# Electronics Essentials: Soldering (Episode 2)



## CreepyCreations (Oct 16, 2011)

Finally! I managed to get episode 2 finished off. By request... soldering! I had actually planned to include some soldering tips at the end of the NEXT episode, but "Creepy Junior" suggested put it in its own episode, since I had so much material (I was shooting this AND the next epsiode together).
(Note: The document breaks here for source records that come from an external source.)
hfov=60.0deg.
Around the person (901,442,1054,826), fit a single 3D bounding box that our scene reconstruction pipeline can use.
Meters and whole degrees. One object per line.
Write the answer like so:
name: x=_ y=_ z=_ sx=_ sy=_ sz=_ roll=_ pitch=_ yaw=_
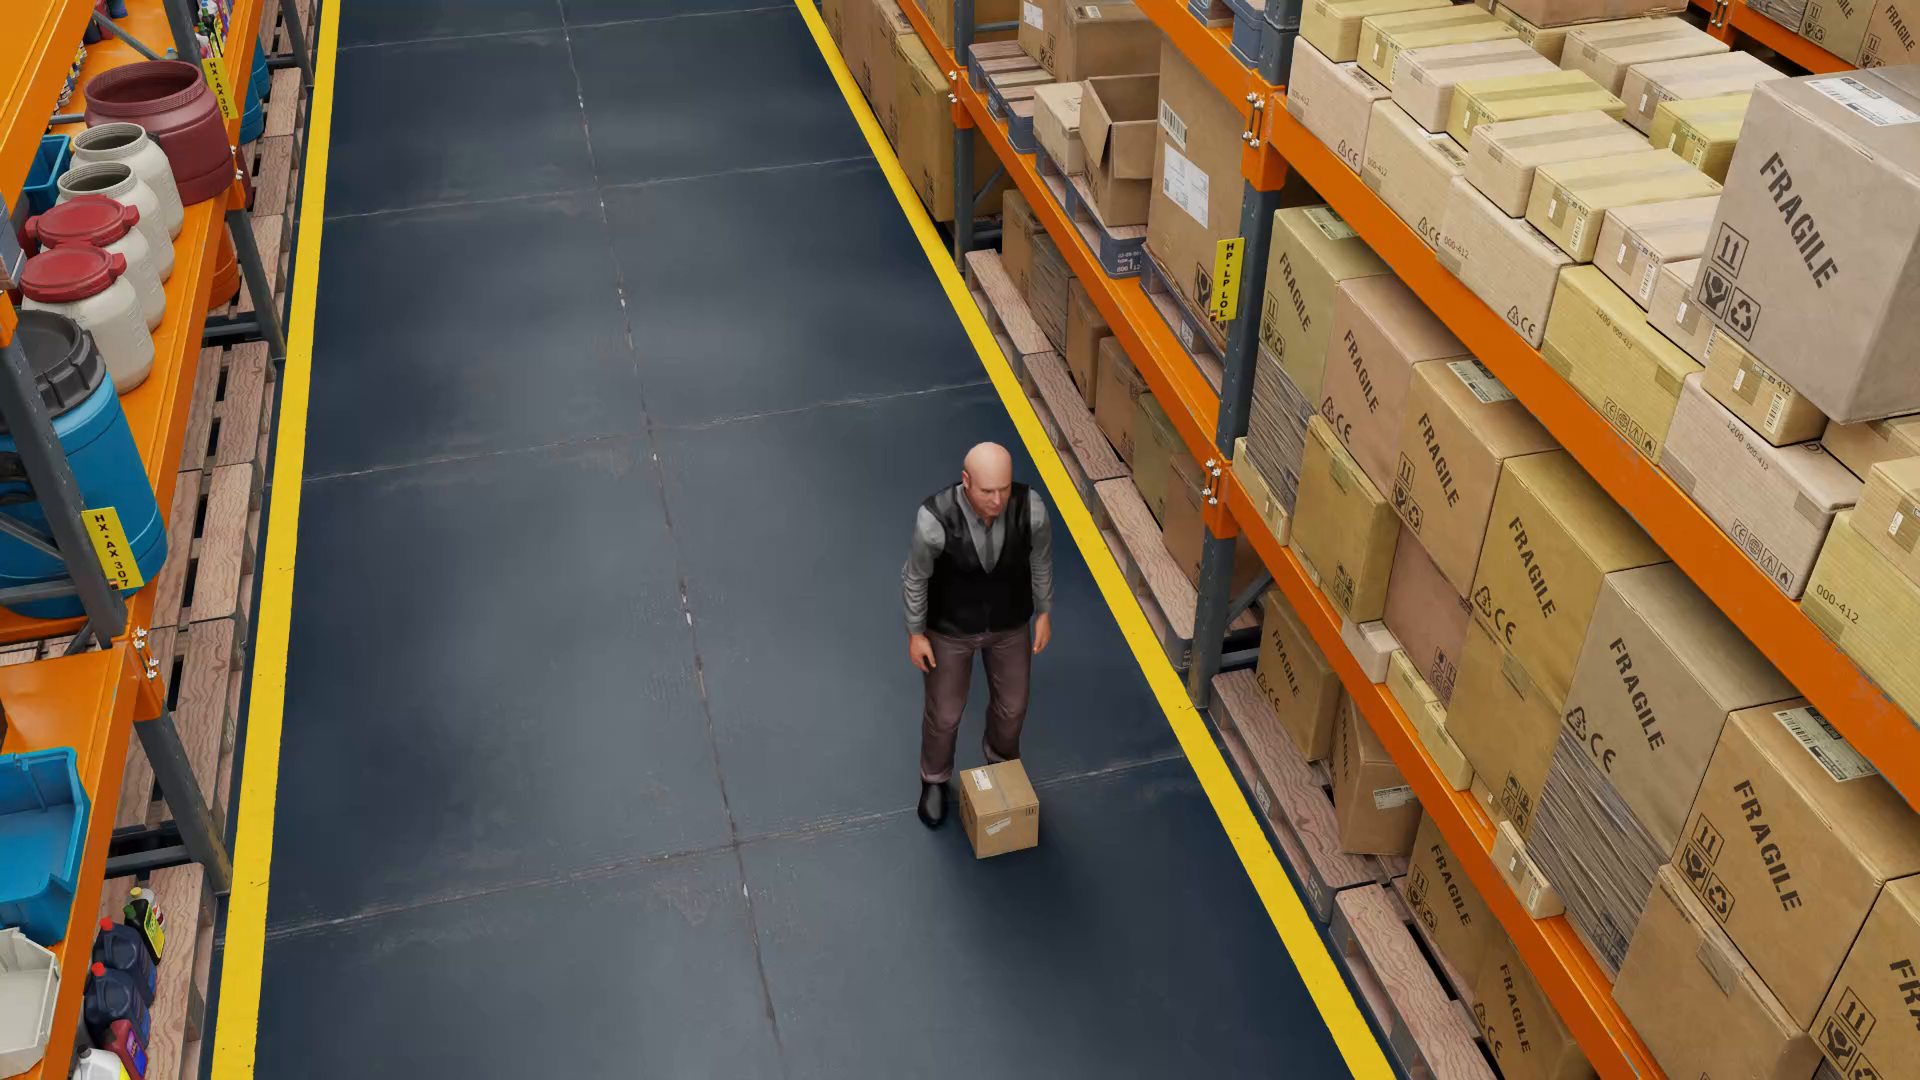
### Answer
person: x=0.067 y=0.317 z=6.327 sx=0.581 sy=1.721 sz=0.419 roll=-9 pitch=39 yaw=-12

I hope you enjoy it. Stay safe!


----------



## SavageEye (Aug 30, 2010)

What temp did you put your soldering iron at?


----------



## CreepyCreations (Oct 16, 2011)

To be honest, I don't know. The temperature is supposedly adjustable by changing out the tip, but I've only ever had the one. If I can figure it out, I'll let you know.


----------



## SavageEye (Aug 30, 2010)

Last year I bought this Digital Soldering Station from Radio Shack on a recommendation from Halstaff. I want to say that I used around 600 deg.(?). It definitely makes a difference!


----------



## Rev. Noch (Sep 2, 2008)

Great video! I agree with SavageEye, a quality soldering station is a must if you're going to do any moderate amount of PCB soldering. The basic fire sticks from Radio Shack do work, but there is a huge difference in the quality of the joints and ease of soldering.


----------



## CreepyCreations (Oct 16, 2011)

Rev. Noch and SavageEye are right on! The quality of the soldering iron can make a huge difference. A basic iron will get the job done, but like you said... if you're doing any regular amount of soldering, particularly on PCBs, get a decent one. The one I have, and used in the video, is probably close to 30 years old and has been going strong that whole time. if you take good care of these things, they can definitely last! Well worth the investment.


----------



## Joven76 (Oct 5, 2012)

*

Dan,

Question for you. I am making a fading LED circuit, but am not using a printed circuit board. I'm using a project board from Radio Shack, a 555 timer, transistor, capacitor, resistor (5.6k to control the fade rate). How would you go about soldering the wires to connect the components when soldering? I ran into an issue last night when trying to solder everything together because the space between the pins of the 555 timer are so close together. I feel I may have used too much solder and created a few bridges (I think I may need to replace the tip on my soldering iron or break down and get a station). How about creating a follow up video showing this process?

Oh, one more question. Would I solder the components in first, then solder the wires to connect them, or should I try to solder everything at the same time? (Sorry, I'm a newb! LOL!!)

*


----------



## The_Caretaker (Sep 13, 2006)

What type of soldiering iron are you using, you need one with a fine tip,
I usually solder the IC first then the wires to the resistors and capacitors, I check for bridges after each step using a voltmeter


----------



## Joven76 (Oct 5, 2012)

*

I'm using a 40 watt one from Radio Shack, but I just noticed that I really need to replace the tip. When it get's hot there's a grove in the tip. So I'll look into getting one that's a fine tip.

*


----------



## CreepyCreations (Oct 16, 2011)

Joven76, sorry for not getting back to you sooner. I would go with The_Caretaker's suggestion... Solder the IC (use a socket if you have one) and then the capacitors and resistors. However, don't trim the leads. Instead, use the leads as your wires. I do that all the time, and it seems to work out pretty well. Just watch out for shorts, since the leads won't be insulated. Also, for cleaning solder bridges, simply run the tip of the hot iron between the pads that are bridged. 9 times out of 10 it'll clean it right up. But get that fine tip, first.


----------